Recommendation. The Government Finance Officers Association (GFOA) recommends that every state and local government that offers defined benefit pensions formally adopt a funding policy that provides reasonable assurance that the cost of those benefits will be funded in an equitable and sustainable manner. Such a funding policy should incorporate each of the following principles and objectives:

  1. Every government employer that offers defined benefit pensions should continue to obtain no less than biennially an actuarially determined contribution (ADC) to serve as the basis for its contributions;
  2. The ADC should be calculated in a manner that fully funds the long-term costs of promised benefits, while balancing the goals of 1) keeping contributions relatively stable and 2) equitably allocating the costs over the employees’ period of active service; 
  3. Every government employer that offers defined benefit pensions should make a commitment to fund the full amount of the ADC each period. For some  government employers, a reasonable transition period will be necessary before this objective can be accomplished;
  4. Every government employer that offers defined benefit pensions should demonstrate accountability and transparency by communicating all of the information necessary for assessing the government’s progress toward meeting its pension funding objectives.
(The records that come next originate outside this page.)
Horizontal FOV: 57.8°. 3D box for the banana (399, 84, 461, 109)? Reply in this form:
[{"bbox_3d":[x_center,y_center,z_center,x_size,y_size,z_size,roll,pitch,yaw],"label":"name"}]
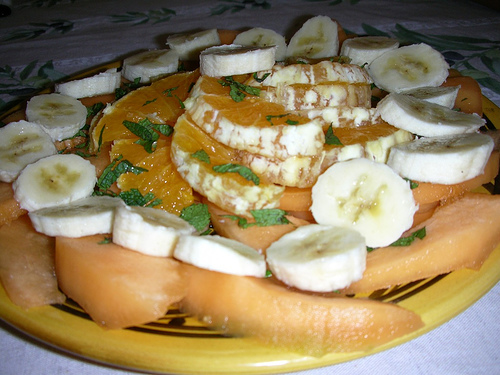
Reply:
[{"bbox_3d":[1.097,-0.555,2.717,0.266,0.056,0.217,4,31,18],"label":"banana"}]
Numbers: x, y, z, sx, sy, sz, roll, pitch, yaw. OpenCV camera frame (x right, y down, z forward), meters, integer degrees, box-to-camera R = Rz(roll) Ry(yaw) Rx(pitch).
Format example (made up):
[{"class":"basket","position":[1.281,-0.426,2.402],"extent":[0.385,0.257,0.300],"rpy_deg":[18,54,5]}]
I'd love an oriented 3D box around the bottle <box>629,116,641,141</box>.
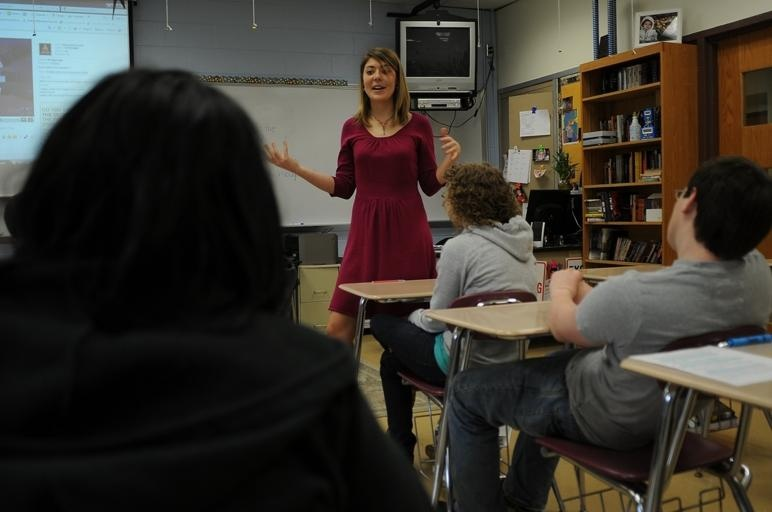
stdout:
[{"class":"bottle","position":[2.169,-1.097,4.777],"extent":[0.097,0.230,0.092],"rpy_deg":[3,1,0]}]

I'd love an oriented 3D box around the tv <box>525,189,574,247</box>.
[{"class":"tv","position":[1.475,-0.336,5.027],"extent":[0.470,0.478,0.209],"rpy_deg":[-3,-1,-27]}]

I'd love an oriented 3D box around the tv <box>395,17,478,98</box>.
[{"class":"tv","position":[0.522,-2.046,5.868],"extent":[0.837,0.790,0.503],"rpy_deg":[-2,6,-5]}]

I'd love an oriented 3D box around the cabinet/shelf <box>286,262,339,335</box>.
[{"class":"cabinet/shelf","position":[-0.663,0.311,5.494],"extent":[0.510,0.837,0.571],"rpy_deg":[3,34,-1]}]

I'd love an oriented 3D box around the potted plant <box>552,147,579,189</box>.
[{"class":"potted plant","position":[1.808,-0.833,5.532],"extent":[0.259,0.374,0.250],"rpy_deg":[0,14,25]}]

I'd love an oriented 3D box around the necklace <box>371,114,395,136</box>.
[{"class":"necklace","position":[-0.008,-0.599,2.569],"extent":[0.099,0.101,0.025],"rpy_deg":[6,-4,6]}]

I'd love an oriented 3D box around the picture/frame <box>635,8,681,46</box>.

The GFOA intends to develop additional best practices that will provide specific guidance on the practical application of these principles and objectives to each of the three core elements of a comprehensive pension funding policy: actuarial cost method, asset smoothing, and amortization.

Notes

1 The new GASB standards no longer use the term “annual required contribution,” or (ARC).  Instead, the new standards refer to the disclosure of an “actuarially determined contribution” (ADC).

2 The other ten national organizations include:  National Governors Association, National Conference of State Legislatures, Council of State Governments, National Association of Counties, National League of Cities, U.S. Conference of Mayors, International City/County Management Association), the National Association of State Auditors, Comptrollers and Treasurers, the National Association of State Retirement Administrators, and the National Council on Teacher Retirement. The Center for State and Local Government Excellence is convening this task force.
3 The GFOA Executive Board passed a resolution expressing the GFOA’s support for the pension funding guidelines developed by the GFOA and nine other national associations.  The resolution can be found at: http://www.gfoa.org/index.php?option=com_content&task=view&id=2539

Approved by the GFOA’s Executive Board, February 2013.